Así, a través del amor, como lo expresa tan claramente la autora, los seres humanos podremos llegar al éxito a escala personal y espiritual, a la vez que igual desarrollo se producirá en otros planos vibracionales, que no pueden ni deben ser desdeñados, por cuanto hacen ellos también a la existencia de las personas y a nuestra medida de la felicidad.

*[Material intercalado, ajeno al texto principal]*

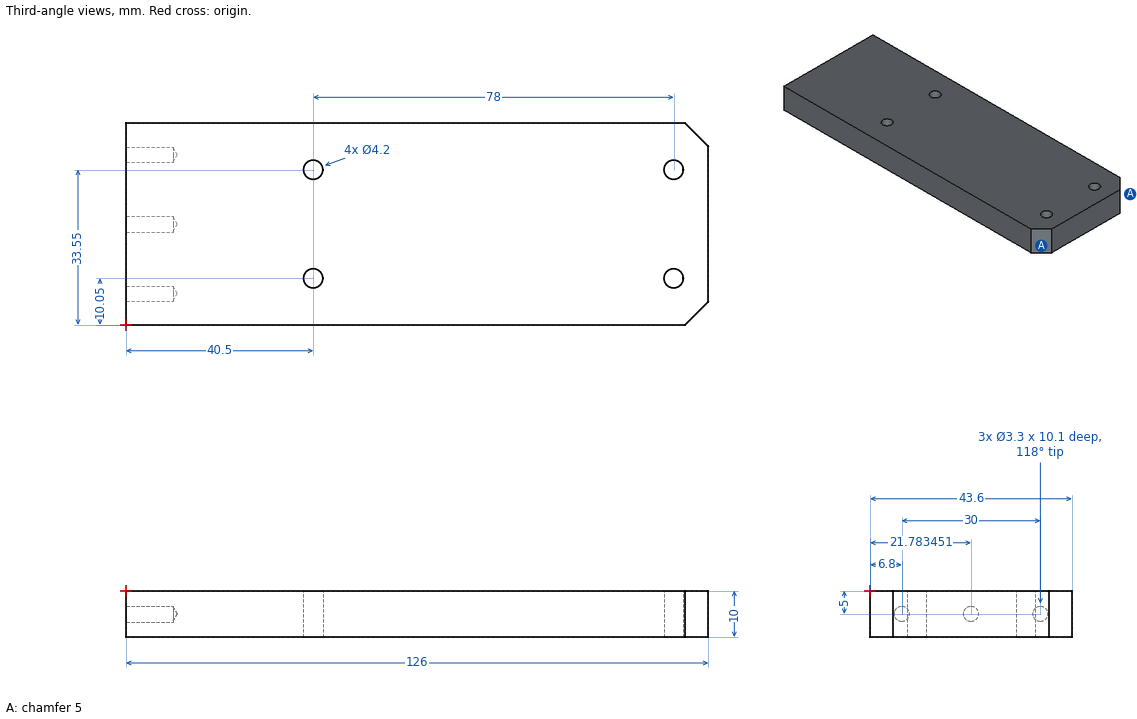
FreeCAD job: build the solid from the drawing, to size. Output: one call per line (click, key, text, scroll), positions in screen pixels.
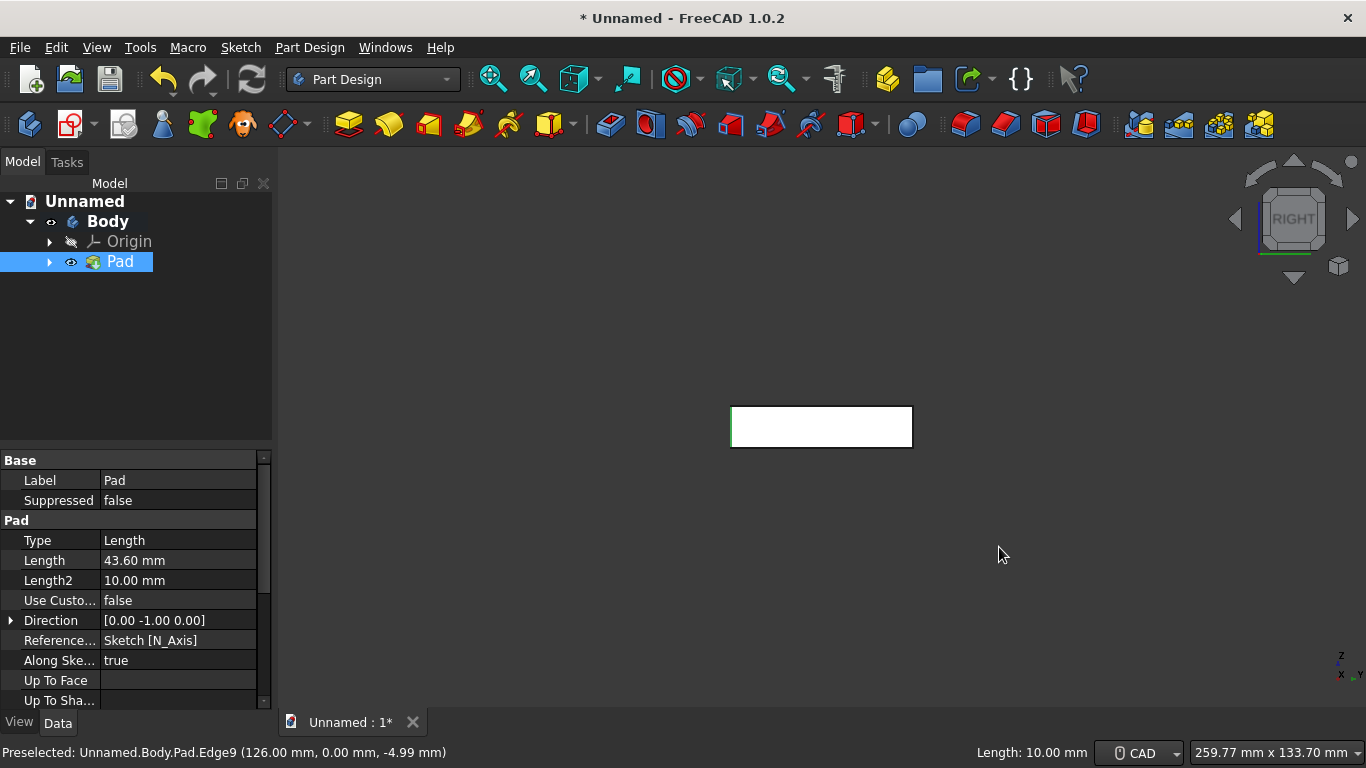
click(494, 80)

Nos estamos refiriendo, entonces, a que el desarrollo pleno de los seres humanos de nuestro tiempo también deben incluír el éxito a escala profesional y económica.

Es de destacar esta actitud positiva e inteligente de Graciela Licciardi, quien no obvia las facetas “materiales” de nuestra existencia, como parte de la felicidad entendidas como objetivo general a alcanzar.  Por el contrario, su libro “Sueño de Águilas” integra en ocho pasos el camino a seguir, guiados por el amor, para triunfar en el sentido cabal de la palabra, en todos los complementarios escenarios que conformen nuestra vida.

Estos ocho pasos como los ocho caminos que enseñó Buda para la liberación del mundo de los sentidos- son sencillos y claros en la expresión que hace de ellos la autora, quien señala además la vía práctica para dar adecuadamente dichos pasos.

El lector encontrará en “Sueño de Águilas” no sólo la teoría, magistralmente explicada por Licciardi que sustenta estas enseñanzas, sino también el modo disciplinado y correcto de iniciar mediante los pasos que nos propone seguir hacia el objetivo a encontrar, el que, en definitiva, consiste en captar la esencia, liberada de trabas y de obstáculos, tanto materiales como espirituales, expresándose en toda su maravillosa magnitud.

En resumen, “Sueño de Águilas”, de Graciela Licciardi, se ofrece al lector como una literatura imprescindible para resolver no sólo los enigmas que, respecto de nosotros mismos, nos planteamos continuamente, sino también como medio más transparente, directo y sincero para conocernos, apreciar nuestras verdaderas posibilidades y potencialidades, y asimismo, llegar a una plenitud que se define claramente en una sola palabra: felicidad, orientada y sostenida por el amor, y capaz de ser trasmitida a los demás por nuestro vivo ejemplo.

Un libro que todos debemos conocer y apreciar en su magnífica dimensión y un aporte invalorable a la evolución personal y colectiva de la humanidad.